Derivative of Momentum: Why is dp/dt = F?

[MHD93]

Why is dp/dt = F even if the mass is changing, can it be derived from Newton's second law?

 

[tiny-tim]

Hi Mohammad!

Why is dp/dt = F even if the mass is changing, can it be derived from Newton's second law?

That is Newton's second law …

force = rate of change of momentum.​

We can only use "F = ma" when the mass is constant.

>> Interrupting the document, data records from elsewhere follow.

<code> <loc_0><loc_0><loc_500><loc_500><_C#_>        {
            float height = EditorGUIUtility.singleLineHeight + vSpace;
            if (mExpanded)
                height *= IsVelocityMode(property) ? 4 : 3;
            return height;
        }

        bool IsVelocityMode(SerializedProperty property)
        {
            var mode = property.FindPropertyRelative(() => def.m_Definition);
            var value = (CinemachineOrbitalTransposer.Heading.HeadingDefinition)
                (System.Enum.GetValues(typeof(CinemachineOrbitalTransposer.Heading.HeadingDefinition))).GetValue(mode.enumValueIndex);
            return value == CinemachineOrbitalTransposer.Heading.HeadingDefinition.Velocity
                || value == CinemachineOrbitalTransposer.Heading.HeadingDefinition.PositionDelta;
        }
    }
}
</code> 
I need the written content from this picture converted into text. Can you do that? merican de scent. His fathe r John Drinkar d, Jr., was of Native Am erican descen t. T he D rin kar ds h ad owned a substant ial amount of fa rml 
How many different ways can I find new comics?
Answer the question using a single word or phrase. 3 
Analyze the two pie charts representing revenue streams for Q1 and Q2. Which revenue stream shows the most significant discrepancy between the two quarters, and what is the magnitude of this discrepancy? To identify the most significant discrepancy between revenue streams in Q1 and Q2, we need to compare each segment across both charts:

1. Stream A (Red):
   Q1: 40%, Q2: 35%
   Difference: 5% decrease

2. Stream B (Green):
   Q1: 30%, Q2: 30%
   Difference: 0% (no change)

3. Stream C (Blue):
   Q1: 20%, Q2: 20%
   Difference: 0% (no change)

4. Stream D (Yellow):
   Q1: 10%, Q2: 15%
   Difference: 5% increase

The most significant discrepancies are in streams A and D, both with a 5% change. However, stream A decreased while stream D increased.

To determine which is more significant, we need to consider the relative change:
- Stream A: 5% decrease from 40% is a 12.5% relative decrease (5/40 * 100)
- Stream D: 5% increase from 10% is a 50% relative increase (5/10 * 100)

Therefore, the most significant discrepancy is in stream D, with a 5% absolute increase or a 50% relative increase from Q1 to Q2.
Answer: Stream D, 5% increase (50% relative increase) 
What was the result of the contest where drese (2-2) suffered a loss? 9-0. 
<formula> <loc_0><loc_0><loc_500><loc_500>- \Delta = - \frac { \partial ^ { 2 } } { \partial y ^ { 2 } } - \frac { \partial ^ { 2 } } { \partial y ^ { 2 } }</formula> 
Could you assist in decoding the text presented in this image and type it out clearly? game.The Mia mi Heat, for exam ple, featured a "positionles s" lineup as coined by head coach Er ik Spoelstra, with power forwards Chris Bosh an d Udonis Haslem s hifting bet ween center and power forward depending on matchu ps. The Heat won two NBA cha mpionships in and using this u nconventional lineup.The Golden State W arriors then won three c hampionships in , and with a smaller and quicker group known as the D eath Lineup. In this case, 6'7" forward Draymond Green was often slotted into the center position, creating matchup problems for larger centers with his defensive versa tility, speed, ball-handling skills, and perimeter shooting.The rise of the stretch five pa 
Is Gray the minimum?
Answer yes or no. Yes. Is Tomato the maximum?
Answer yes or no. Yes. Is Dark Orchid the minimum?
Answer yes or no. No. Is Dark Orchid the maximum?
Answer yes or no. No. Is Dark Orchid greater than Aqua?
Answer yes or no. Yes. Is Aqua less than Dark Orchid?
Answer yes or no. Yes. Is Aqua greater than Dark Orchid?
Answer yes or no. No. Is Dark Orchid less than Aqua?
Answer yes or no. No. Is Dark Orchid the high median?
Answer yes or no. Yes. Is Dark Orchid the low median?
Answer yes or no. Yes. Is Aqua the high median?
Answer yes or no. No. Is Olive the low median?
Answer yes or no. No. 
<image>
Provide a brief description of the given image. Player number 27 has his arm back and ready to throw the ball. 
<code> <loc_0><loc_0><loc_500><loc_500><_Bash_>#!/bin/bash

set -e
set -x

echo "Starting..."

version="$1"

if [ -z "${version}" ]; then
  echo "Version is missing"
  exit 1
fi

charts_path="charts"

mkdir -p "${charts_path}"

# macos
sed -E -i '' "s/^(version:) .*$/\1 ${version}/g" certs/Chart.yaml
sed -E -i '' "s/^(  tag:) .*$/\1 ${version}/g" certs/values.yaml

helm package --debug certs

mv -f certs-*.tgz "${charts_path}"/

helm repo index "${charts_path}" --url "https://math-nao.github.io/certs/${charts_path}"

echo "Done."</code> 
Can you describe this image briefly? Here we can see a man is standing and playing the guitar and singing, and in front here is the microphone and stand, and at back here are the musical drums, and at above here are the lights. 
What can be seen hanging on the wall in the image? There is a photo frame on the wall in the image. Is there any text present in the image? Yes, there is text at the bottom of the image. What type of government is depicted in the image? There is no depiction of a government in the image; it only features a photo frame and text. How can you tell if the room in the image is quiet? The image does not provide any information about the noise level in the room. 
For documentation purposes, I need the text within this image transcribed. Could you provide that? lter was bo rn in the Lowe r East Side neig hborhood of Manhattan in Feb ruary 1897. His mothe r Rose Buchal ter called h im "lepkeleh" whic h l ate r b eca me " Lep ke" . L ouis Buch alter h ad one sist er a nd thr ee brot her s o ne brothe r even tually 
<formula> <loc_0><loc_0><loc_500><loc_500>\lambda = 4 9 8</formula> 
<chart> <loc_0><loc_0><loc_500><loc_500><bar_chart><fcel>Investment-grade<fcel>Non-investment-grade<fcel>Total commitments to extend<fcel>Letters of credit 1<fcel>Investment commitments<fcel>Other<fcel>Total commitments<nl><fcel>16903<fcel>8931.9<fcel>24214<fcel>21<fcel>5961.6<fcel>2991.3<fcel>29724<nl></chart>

(constant mass is the exception )

 

[MHD93]

Newton's second law says that force is proportional to acceleration, meaning that mass is the proportionality constant

Isn't that true?

 

[olivermsun]

It doesn't really matter how you write it. The original formulation is F = dp/dt, but if mass is constant you can take it outside the derivative. If not, then you will need to account for the momentum carried into or out of the system by the mass (change).

 

[DrBloke]

Another may of looking at it, but reiterating what the others have said, is as follows:
p=mv

F=dp/dt (Newton's second law states force equals rate of change of momentum)
F=d(mv)/dt
=mdv/dt +vdm/dt (equation 1)

if the mass is constant then the rate of change of mass, dm/dt=0 so this becomes
F=mdv/dt
=ma (equation 2)

 

[dextercioby]

Why is dp/dt = F even if the mass is changing, can it be derived from Newton's second law?

As others may have stated, dp/dt = F_net IS the mathematical form of the 2nd law, thus it can't be derived from itself.